As far as pencil pushing, cheating or whatever. We require 2 scorekeepers and still have a couple of shooters that have a reputation for pencil pushing. It happens, but there are a few things you can do to combat it. 

For example, there was a local shoot last year in sleet, rain, ice and high-winds. Some of the best ASA semi-pro, unlimited, hunter class, and Open A shooters turned in scorecards and the highest of the bunch was a 6 up on 20 targets. Towards the end of the day a shooter came in with a 26 up, when his normal score was around 30 down. Granted any dog can have his day, but...........we now send club members out with his group everytime he shoots, or I will follow along closely and keep a score with binos (estimated but it still prevents blatant pencil pushing). Since then he has not posted a big score again.

The second thing we do is require 2 scorecards to be kept. Even then, it does not and will not prevent all pencil pushing if someone wants to win that badly. However, it keeps it to a minimum.

The third thing is we require every group to have a minimum of 3 adult class shooters in every group.

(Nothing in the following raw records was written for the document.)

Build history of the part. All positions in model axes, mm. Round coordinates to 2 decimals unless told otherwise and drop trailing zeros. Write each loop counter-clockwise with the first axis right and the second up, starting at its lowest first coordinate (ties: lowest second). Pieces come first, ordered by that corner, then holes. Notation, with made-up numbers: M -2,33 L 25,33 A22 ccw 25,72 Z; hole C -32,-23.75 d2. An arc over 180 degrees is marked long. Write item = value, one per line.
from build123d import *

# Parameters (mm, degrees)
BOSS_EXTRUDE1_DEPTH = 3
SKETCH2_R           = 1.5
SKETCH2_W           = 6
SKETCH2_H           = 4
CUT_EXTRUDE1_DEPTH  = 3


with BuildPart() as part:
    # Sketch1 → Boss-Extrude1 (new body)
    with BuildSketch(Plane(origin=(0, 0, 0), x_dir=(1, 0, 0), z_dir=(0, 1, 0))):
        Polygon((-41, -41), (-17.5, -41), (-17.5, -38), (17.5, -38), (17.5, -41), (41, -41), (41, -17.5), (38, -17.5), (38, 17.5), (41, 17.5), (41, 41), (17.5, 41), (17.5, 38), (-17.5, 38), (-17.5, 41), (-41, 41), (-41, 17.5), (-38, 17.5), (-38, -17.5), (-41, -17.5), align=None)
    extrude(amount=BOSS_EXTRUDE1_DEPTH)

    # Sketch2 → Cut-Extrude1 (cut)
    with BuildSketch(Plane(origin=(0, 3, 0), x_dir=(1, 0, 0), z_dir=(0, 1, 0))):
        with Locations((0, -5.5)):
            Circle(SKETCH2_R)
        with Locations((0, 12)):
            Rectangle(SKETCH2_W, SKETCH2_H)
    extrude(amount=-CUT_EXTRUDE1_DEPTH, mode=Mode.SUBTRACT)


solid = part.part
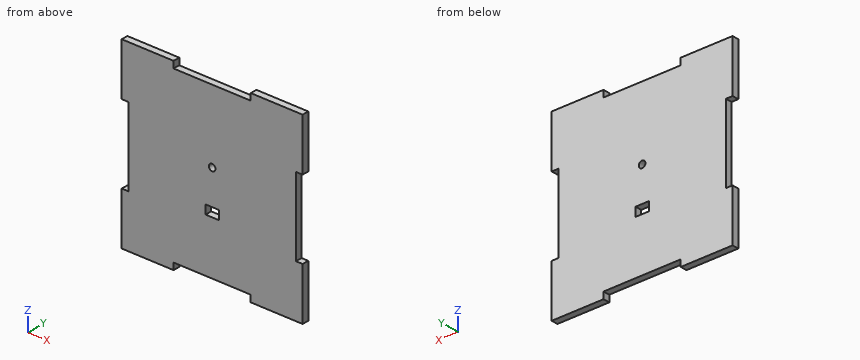
1. Band-saw the part on B-B (x = 0). List the corners of the cut face in (y, z).
Responses:
outline = M 0,-38 L 3,-38 L 3,-14 L 0,-14 Z; M 0,-10 L 3,-10 L 3,4 L 0,4 Z; M 0,7 L 3,7 L 3,38 L 0,38 Z
2. Probe probe 1 along Z at (x, y) = (0, 1.6); probe 2 along X at (y, z) = (2.3, 5.5); probe 3 along Z at (x, y) = (-2.5, 1). List the from-to ranges inside material, lowest first.
Responses:
probe_1 = -38 to -14, -10 to 4, 7 to 38
probe_2 = -38 to -1.5, 1.5 to 38
probe_3 = -38 to -14, -10 to 38
3. Flat gauge pins, fed straight in: pin 1 (1.5 mm diameter, centred on x = -1, y = 1, fed in from +Z); pin 2 (1.5 mm diameter, centred on y = 2, z = -8.5, fed in from +X); pin 3 (0.9 mm diameter, centred on x = 1, y = 2, fed in from -Z). Where does each tip first touch, or does it go through?
Responses:
pin_1 = 38
pin_2 = 38
pin_3 = -38
4. Band-saw the part on A-A (y = 0.5). List the corners of the cut face in (x, z).
Responses:
outline = M -41,-41 L -17.5,-41 L -17.5,-38 L 17.5,-38 L 17.5,-41 L 41,-41 L 41,-17.5 L 38,-17.5 L 38,17.5 L 41,17.5 L 41,41 L 17.5,41 L 17.5,38 L -17.5,38 L -17.5,41 L -41,41 L -41,17.5 L -38,17.5 L -38,-17.5 L -41,-17.5 Z; hole M -3,-14 L 3,-14 L 3,-10 L -3,-10 Z; hole C 0,5.5 d3
5. Band-saw the part on C-C (z = 5.5). List the corners of the cut face in (x, y), plus the area to 3 significant figures.
Responses:
outline = M -38,0 L -1.5,0 L -1.5,3 L -38,3 Z; M 1.5,0 L 38,0 L 38,3 L 1.5,3 Z
area = 219 mm²
6. Band-saw the part on D-D (z = 15.5). List the corners of the cut face in (x, y), plus the area to 3 significant figures.
Responses:
outline = M -38,0 L 38,0 L 38,3 L -38,3 Z
area = 228 mm²

The last thing we do is we do not post scores until late, and then we do not show the scores to the competitors until all scores are in. If someone wants to know where they stand in order to decide if they should wait for a trophy we tell them where they stand and how many shooters are still out in their class, but we do not tell them what scores are leading. Additionally, we will not even tell anyone where they stand until after they have turned in a scorecard. We go so far in this that we will not even record the first score in the book until after the cut-off for sign up, that prevents folks from walking up at 3 pm (the cut-off time after daylight savings starts) and seeing what score they may need to win.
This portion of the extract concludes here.